Small Fountain, Maguire Gardens

I passed a pleasant lunch hour the other day near the small fountain in Maguire Gardens, just west of the Central Library in downtown Los Angeles.
Maguire Gardens, completed in 1993, has some of the most interesting fountains in the city, but the small fountain on the Fifth Street side probably gets the least notice. It is small (just 16 feet in diameter) and low (water bubbles up from knee-high porcelain blocks). Cafe Pinot blocks the fountain from view as you descend the Library’s front steps. A drift of shade trees makes it difficult to spot from other vantage points. The fountain’s location near the northern edge of the garden means that those who take the main path through the Garden from Flower Street are apt to miss it altogether.

Once found, however, it is a pleasure. What at first glance seems modest and simple, turns out to be quite different – this small fountain exhibits a beguiling complexity of pattern, color and shape.
Complexity is perhaps to be expected in a piece created through the collaboration of two artists. The round pool was designed by Laddie John Dill. The bed resembles the shutter of a camera, with pallets fanning out at oblique angles, sitting one atop another. They rise like terraces, creating a pool that goes from deep to shallow. Each pallet is a composite of angular stone fragments, much like a flagstone path. The fragments vary in color, creating something of a harlequin effect, but with muted tones – rust, celery, copper, light shades of gray and brown.
The water feature – a series of porcelain space-figure blocks arrayed around a curved sheet of colored glass – was created by Mineo Mizuno. It, too, repeats the terrace effect, with the earth-toned cylinders and prisms rising from low to high. The glass wave has an aqua hue and projects outward from the tallest block.

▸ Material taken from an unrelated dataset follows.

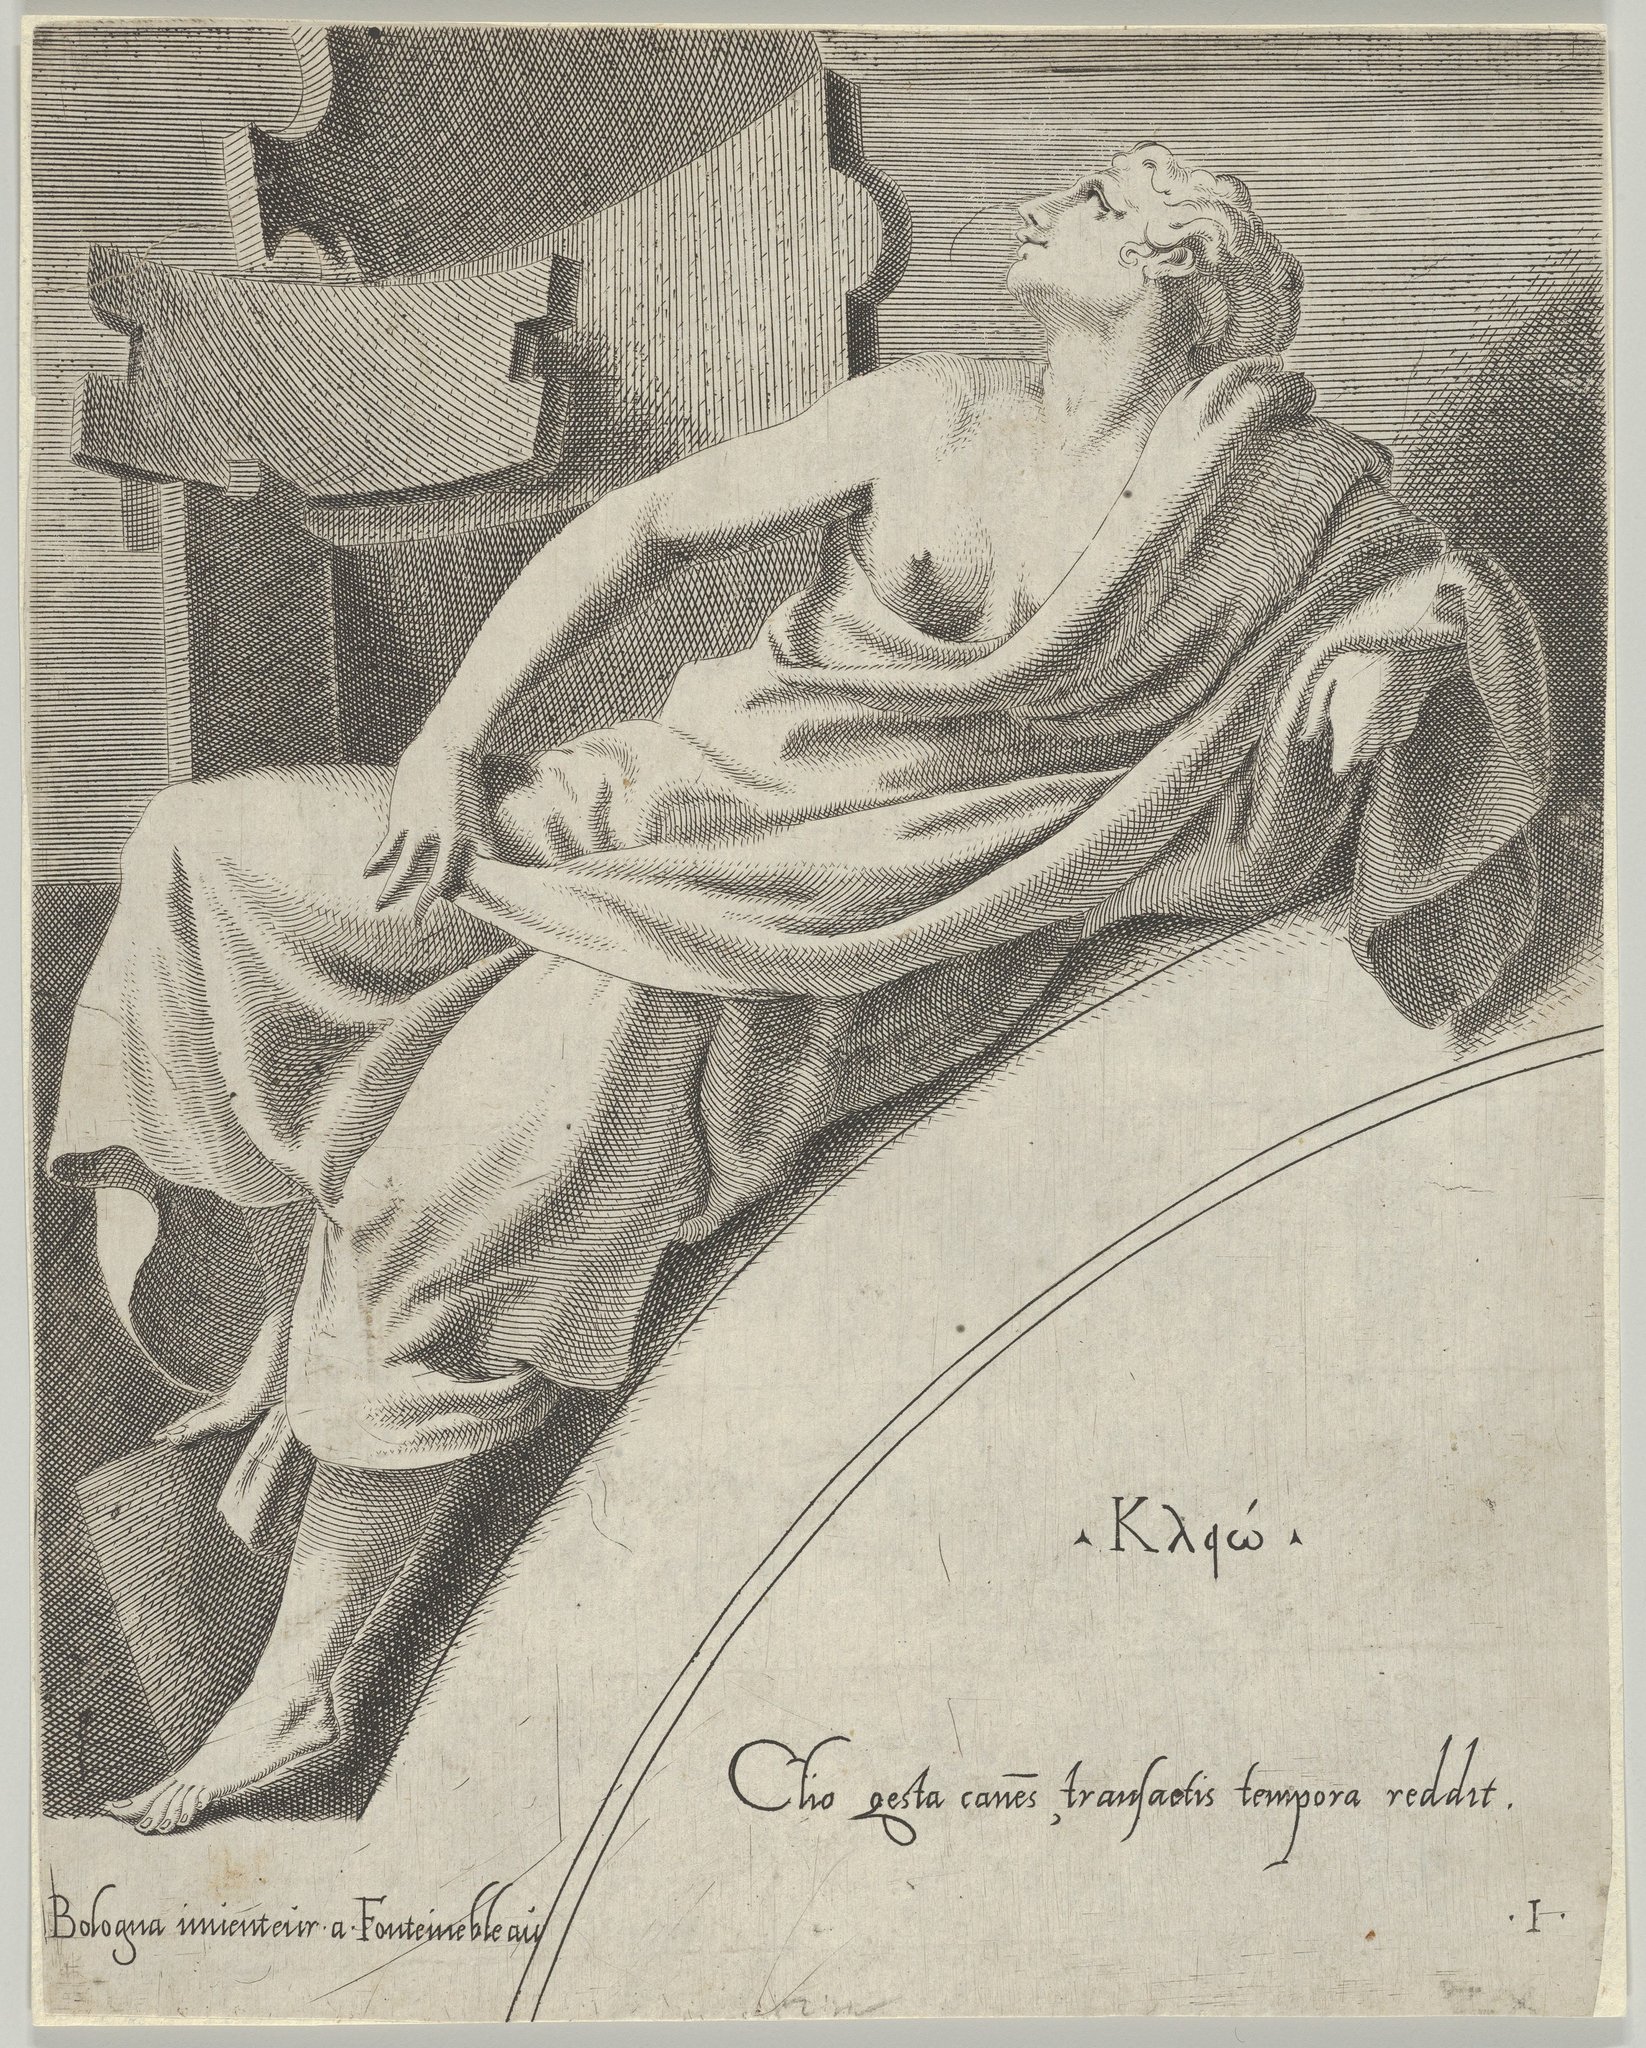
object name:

This is a fountain without jets or spray. Water bubbles gently from the top of each block and flows quietly down the glistening porcelain sides into the pool. The effect is that of a small brook with a calming babble.

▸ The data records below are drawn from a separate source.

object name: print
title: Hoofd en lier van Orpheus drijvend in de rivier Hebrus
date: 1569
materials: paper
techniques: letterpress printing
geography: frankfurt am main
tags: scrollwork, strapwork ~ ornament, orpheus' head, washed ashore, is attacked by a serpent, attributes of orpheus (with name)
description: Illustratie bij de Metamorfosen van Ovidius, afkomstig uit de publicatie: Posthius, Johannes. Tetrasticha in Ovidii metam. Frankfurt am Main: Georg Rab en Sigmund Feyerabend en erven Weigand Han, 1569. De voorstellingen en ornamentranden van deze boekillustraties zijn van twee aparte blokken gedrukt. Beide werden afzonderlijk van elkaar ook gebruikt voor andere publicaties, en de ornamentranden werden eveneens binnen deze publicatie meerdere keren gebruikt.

The fountain occupies the center of a small plaza surrounded by low walls that invite sitting. The shade trees don't completely shut out the sound of city buses as they cross Flower and grind their way up Fifth Street to the overpass that crosses the Harbor Freeway, but they help. You know you’re still in the city, but the fountain’s murmur and the dappled light take the edge off. This is a fine place for a moment’s respite in a busy day.